Statistics on behavoral measures

The discrimination accuracy measure d′ (Forman et al., 2004; Gescheider, 1985; Lane et al., 2007) was used to measure behavioral performance on the Go/NoGo task in the scanner. For the 15 included subjects, the mean discrimination accuracy d′ during the Easy NoGo condition was 3.5999±0.4990 (corresponding to 98.72%±2.37% correct response), and the mean d′ during the Hard NoGo condition was 2.4647±0.5940 (corresponding to 81.54%±14.98% correct response). A two-sample Student's t-test analysis revealed that the d′ during the Easy NoGo condition was significantly greater than the d′ during the Hard NoGo condition (t=5.4751; df=28; p=0.00005). The means of the number of correct/incorrect responses are: 141.2±11.7 (correct Go), 14.8±11.7 (incorrect Go), 25.7±0.6 (correct Easy NoGo), 0.3±0.6 (incorrect Easy NoGo), 21.2±3.9 (correct Hard NoGo), and 4.8±3.9 (incorrect Hard NoGo).

SPM univariate analysis

SPM8 second-level random-effects one-sample t-test analysis revealed several statistically significant clusters for Easy, Hard, and Hard-Easy activations, which spanned to frontal, subcortical, and other brain regions. These regions included L MFG, R MFG, L pre-SMA, R pre-SMA, L PPC, R PPC, R PUT, R AMG, L HIP, and R INS, which were used as the regions of interest or nodes of the DCM. Please see the Supplementary Materials for the details of the SPM univariate analysis results.

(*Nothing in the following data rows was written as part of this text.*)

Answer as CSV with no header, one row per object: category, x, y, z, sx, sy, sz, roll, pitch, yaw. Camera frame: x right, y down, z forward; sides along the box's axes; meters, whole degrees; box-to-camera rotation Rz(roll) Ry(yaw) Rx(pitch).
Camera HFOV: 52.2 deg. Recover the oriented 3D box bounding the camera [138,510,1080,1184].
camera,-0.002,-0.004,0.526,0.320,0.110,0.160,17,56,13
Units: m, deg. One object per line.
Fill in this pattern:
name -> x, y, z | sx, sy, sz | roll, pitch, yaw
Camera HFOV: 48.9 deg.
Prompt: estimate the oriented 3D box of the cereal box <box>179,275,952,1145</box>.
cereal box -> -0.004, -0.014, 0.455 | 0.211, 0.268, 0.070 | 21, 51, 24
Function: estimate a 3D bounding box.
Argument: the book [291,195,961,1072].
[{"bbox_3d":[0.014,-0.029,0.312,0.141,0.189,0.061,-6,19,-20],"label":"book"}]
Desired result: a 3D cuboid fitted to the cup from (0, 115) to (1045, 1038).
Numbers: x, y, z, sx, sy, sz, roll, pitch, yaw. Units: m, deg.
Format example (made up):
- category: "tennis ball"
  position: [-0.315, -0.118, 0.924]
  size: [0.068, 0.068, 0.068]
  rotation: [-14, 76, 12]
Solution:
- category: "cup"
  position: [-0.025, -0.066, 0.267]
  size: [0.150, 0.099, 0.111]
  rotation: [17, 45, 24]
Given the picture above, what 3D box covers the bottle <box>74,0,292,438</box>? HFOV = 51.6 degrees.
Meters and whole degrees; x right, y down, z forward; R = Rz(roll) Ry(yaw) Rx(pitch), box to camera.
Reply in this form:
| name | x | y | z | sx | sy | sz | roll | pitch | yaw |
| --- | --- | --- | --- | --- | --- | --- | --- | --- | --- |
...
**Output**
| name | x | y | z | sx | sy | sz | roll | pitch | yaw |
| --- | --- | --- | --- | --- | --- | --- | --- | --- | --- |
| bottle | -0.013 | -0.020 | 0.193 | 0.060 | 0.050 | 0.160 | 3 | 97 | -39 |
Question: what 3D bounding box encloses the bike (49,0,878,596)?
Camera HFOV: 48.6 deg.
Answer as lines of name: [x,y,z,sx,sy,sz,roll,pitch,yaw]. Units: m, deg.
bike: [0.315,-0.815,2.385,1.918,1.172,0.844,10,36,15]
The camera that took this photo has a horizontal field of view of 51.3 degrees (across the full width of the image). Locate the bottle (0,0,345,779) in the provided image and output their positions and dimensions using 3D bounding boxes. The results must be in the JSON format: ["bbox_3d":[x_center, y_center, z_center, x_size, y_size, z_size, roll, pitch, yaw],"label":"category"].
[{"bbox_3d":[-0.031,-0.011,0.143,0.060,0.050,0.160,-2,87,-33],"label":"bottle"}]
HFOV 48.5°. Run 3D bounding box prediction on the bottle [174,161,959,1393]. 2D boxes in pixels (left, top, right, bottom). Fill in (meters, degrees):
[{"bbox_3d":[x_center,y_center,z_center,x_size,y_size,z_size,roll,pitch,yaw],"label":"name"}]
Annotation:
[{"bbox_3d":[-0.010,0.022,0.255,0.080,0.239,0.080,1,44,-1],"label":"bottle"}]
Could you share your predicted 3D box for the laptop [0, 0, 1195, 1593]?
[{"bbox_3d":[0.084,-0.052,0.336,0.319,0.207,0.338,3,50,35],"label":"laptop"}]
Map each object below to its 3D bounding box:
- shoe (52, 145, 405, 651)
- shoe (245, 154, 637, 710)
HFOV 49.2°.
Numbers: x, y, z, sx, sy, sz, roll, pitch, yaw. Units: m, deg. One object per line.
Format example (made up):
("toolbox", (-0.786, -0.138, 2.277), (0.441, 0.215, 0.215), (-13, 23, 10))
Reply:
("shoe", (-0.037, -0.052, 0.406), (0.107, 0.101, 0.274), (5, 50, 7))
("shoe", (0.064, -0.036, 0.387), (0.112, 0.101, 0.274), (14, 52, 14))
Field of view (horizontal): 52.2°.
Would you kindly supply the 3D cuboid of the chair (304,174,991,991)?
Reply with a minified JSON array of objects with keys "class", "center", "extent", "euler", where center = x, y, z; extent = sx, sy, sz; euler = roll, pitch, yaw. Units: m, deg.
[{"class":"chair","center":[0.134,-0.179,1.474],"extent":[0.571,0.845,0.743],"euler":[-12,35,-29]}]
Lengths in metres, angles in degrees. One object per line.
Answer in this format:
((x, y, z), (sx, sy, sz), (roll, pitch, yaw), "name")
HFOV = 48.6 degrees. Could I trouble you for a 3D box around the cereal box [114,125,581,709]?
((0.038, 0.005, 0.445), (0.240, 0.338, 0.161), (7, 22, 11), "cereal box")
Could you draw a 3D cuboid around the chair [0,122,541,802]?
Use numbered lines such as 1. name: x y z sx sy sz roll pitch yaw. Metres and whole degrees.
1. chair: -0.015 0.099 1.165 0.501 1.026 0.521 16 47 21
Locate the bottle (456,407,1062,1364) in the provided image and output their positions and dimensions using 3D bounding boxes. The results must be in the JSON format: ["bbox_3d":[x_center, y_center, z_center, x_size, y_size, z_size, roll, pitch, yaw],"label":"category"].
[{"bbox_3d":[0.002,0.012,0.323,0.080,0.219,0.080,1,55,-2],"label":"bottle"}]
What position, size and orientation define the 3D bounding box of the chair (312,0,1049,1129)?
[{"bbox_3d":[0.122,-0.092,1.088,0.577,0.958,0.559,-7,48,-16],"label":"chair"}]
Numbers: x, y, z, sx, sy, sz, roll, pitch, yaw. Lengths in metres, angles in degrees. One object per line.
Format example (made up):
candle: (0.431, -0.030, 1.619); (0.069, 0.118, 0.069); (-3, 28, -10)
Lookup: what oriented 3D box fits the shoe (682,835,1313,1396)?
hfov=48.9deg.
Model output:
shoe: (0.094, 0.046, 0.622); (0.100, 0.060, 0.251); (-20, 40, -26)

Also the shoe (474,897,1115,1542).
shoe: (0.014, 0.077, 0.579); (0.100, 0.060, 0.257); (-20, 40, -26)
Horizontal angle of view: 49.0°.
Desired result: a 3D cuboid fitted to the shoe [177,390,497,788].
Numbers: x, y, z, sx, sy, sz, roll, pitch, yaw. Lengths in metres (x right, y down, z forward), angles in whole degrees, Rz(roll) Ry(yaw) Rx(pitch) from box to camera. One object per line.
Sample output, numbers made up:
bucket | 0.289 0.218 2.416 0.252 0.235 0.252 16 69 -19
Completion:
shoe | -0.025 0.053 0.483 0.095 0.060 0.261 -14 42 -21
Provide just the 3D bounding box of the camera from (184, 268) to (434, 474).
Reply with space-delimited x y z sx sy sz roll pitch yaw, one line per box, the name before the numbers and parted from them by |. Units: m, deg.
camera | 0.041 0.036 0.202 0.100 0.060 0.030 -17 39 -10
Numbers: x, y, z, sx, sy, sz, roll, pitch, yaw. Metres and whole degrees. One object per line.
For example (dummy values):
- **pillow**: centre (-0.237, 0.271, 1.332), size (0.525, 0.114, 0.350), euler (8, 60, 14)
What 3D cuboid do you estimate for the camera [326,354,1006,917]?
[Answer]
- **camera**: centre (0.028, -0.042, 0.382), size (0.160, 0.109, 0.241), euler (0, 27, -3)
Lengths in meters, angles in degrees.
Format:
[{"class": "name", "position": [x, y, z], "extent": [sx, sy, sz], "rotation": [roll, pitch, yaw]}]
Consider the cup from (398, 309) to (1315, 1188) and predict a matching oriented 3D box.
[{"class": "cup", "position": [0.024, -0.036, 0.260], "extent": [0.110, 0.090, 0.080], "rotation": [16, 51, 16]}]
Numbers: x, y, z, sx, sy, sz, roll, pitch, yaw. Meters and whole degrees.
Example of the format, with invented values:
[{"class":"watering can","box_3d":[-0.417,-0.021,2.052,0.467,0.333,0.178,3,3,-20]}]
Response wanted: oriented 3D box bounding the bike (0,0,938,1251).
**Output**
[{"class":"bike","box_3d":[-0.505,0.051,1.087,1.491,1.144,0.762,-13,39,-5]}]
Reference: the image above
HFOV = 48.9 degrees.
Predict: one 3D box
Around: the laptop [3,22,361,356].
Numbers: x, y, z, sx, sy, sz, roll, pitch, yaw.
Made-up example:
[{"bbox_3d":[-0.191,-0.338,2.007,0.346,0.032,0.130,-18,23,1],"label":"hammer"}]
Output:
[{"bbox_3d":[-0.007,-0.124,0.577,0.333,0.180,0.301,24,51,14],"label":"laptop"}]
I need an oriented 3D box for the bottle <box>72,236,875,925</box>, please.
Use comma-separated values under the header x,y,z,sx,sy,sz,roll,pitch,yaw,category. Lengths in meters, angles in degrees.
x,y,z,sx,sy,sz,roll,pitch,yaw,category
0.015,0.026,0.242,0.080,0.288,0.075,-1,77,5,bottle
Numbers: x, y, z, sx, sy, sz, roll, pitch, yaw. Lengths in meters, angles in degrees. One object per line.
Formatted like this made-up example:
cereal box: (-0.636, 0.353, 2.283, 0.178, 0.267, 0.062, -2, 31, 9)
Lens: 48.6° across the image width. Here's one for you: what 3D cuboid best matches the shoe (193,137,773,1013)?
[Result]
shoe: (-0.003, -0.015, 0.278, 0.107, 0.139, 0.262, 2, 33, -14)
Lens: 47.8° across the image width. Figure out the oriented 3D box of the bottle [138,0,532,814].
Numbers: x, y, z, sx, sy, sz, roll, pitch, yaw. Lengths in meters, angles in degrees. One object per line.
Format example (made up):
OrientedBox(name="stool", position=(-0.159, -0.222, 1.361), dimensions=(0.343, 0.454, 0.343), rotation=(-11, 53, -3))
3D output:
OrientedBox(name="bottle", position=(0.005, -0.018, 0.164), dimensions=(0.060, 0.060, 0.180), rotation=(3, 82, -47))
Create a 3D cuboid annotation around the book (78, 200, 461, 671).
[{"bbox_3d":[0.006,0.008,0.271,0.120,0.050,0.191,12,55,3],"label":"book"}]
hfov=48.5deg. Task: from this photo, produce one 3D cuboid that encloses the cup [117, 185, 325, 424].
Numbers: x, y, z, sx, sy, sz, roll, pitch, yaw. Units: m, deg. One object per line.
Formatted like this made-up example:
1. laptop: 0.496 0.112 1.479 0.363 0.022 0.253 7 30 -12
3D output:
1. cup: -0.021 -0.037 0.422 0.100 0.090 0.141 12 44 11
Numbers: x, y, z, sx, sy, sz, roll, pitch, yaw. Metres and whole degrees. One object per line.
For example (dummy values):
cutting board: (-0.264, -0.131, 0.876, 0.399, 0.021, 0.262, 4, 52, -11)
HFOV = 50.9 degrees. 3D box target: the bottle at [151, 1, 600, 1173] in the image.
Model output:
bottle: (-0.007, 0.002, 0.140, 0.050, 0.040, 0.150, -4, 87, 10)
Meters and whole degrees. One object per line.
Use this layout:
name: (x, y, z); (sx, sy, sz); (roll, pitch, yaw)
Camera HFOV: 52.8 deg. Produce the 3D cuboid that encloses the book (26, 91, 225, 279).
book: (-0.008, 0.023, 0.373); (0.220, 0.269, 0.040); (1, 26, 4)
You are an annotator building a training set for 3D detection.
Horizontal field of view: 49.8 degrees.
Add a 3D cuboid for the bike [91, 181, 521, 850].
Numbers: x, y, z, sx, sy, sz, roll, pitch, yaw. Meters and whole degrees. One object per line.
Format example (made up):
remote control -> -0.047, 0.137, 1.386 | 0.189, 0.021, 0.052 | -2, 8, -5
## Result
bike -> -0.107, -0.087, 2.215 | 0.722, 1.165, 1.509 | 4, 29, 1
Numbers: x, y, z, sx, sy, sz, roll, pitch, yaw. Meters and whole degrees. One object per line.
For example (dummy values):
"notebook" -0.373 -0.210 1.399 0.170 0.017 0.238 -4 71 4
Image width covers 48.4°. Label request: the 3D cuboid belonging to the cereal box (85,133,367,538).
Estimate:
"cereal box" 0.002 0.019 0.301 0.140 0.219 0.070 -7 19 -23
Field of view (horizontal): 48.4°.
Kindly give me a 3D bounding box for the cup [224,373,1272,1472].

DCM network discovery analysis

Starting from an initial full model, post-hoc optimization revealed an optimum sparse model structure at the group level. The DCM parameters of this optimum sparse model can be divided into two categories: parameter value=0 (corresponding to posterior probability=0) and parameter value=nonzero (corresponding to posterior probability >0.999). In this study, posterior probability >0.999 was used as the threshold to determine whether a DCM parameter is significantly different from zero.

The optimum sparse structure regarding driving inputs into the model is demonstrated in Supplementary Table S6, which shows the posterior mean strength for each driving input and each location. As evidenced by Supplementary Table S6, R AMG and L HIP were the driving input locations for all the three driving inputs into the model (Go, Easy NoGo, and Hard NoGo). In addition, R pre-SMA was the driving input location for Easy NoGo and Hard NoGo. Furthermore, L pre-SMA was the driving input location for Easy NoGo.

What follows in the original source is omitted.